In the records below, find the line that contains "What oriented 3D". Retype that line and all the lines after it through the end, leaving out the pictures.

[Stored data]
....

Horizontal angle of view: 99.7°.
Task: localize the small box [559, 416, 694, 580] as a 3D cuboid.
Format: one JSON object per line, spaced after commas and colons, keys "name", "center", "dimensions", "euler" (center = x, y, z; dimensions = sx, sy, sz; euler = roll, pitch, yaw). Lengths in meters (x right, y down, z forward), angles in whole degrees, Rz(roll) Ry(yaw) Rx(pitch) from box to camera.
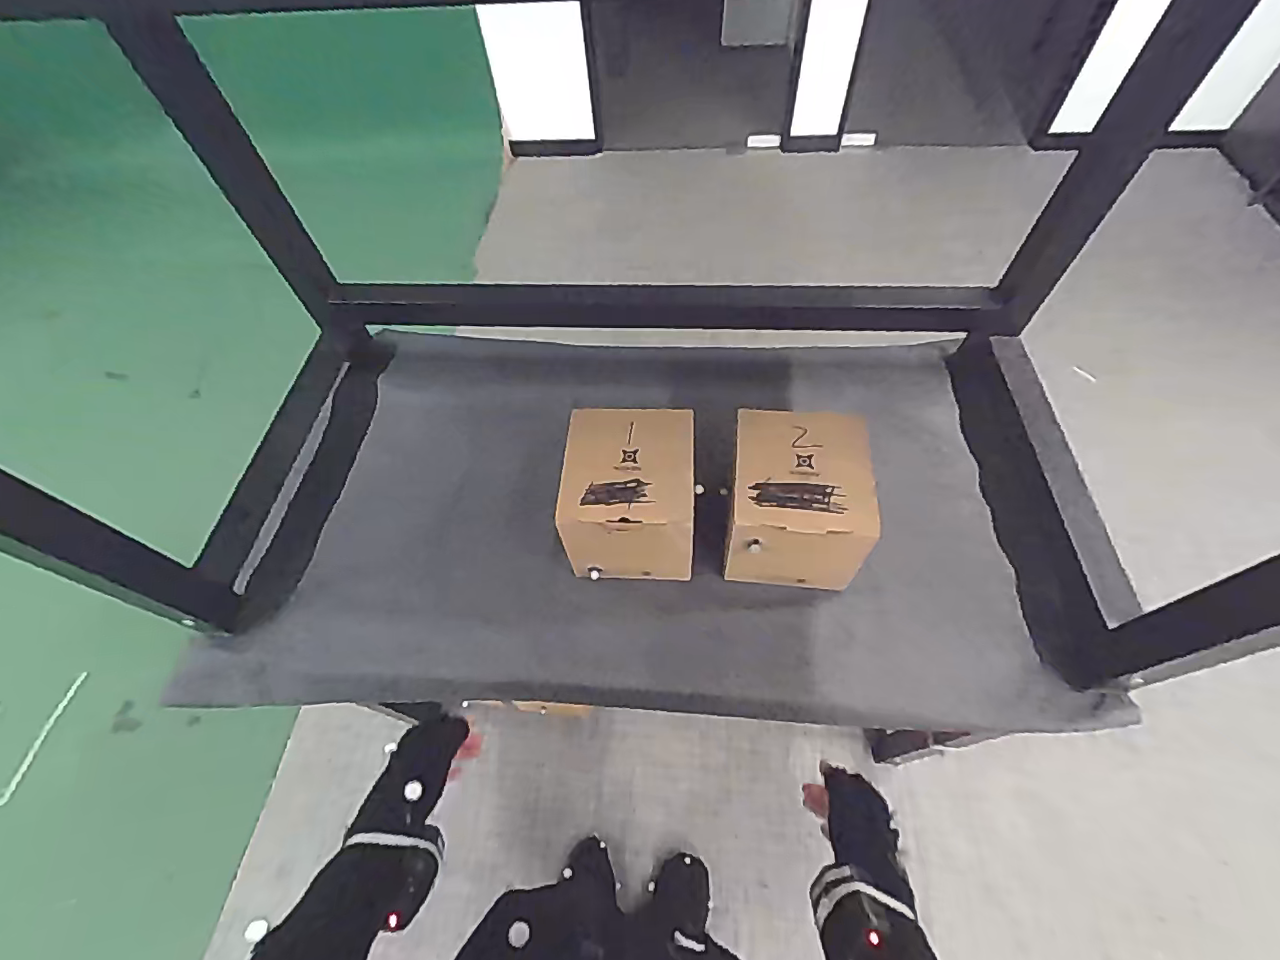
{"name": "small box", "center": [-0.008, 0.030, 0.762], "dimensions": [0.168, 0.176, 0.179], "euler": [2, 56, 4]}
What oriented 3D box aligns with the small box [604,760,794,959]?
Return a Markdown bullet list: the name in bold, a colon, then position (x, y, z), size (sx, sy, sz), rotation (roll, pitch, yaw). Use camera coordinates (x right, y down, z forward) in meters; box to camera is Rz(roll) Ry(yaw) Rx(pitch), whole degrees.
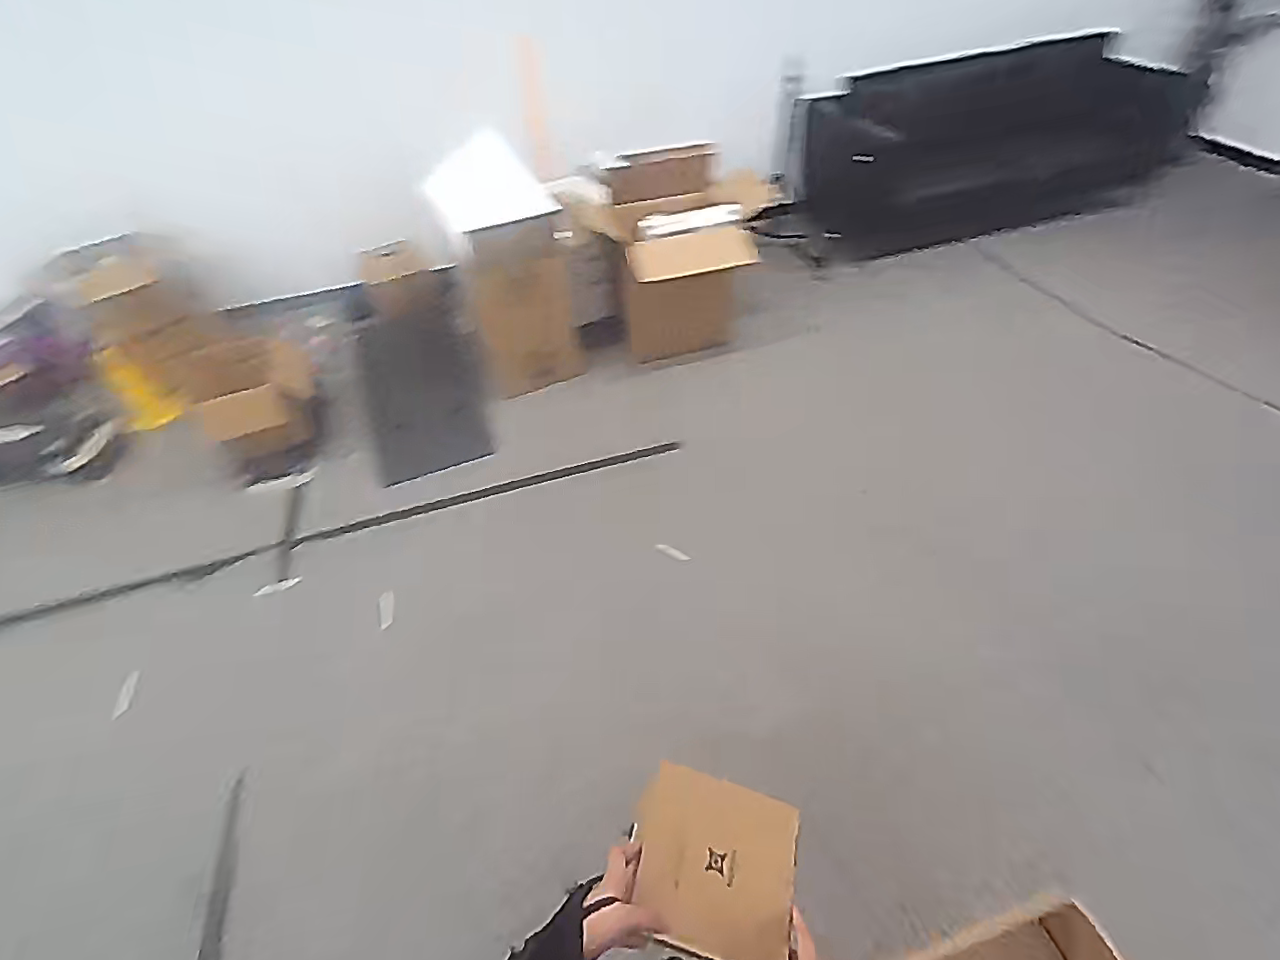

....

## [ANSWER TO THE EXERCISE]
What oriented 3D box aligns with the small box [604,760,794,959]?
Return a Markdown bullet list: the name in bold, a colon, then position (x, y, z), size (sx, sy, sz), rotation (roll, pitch, yaw). Use camera coordinates (x right, y down, z forward) in meters; box to camera is Rz(roll) Ry(yaw) Rx(pitch), whole degrees.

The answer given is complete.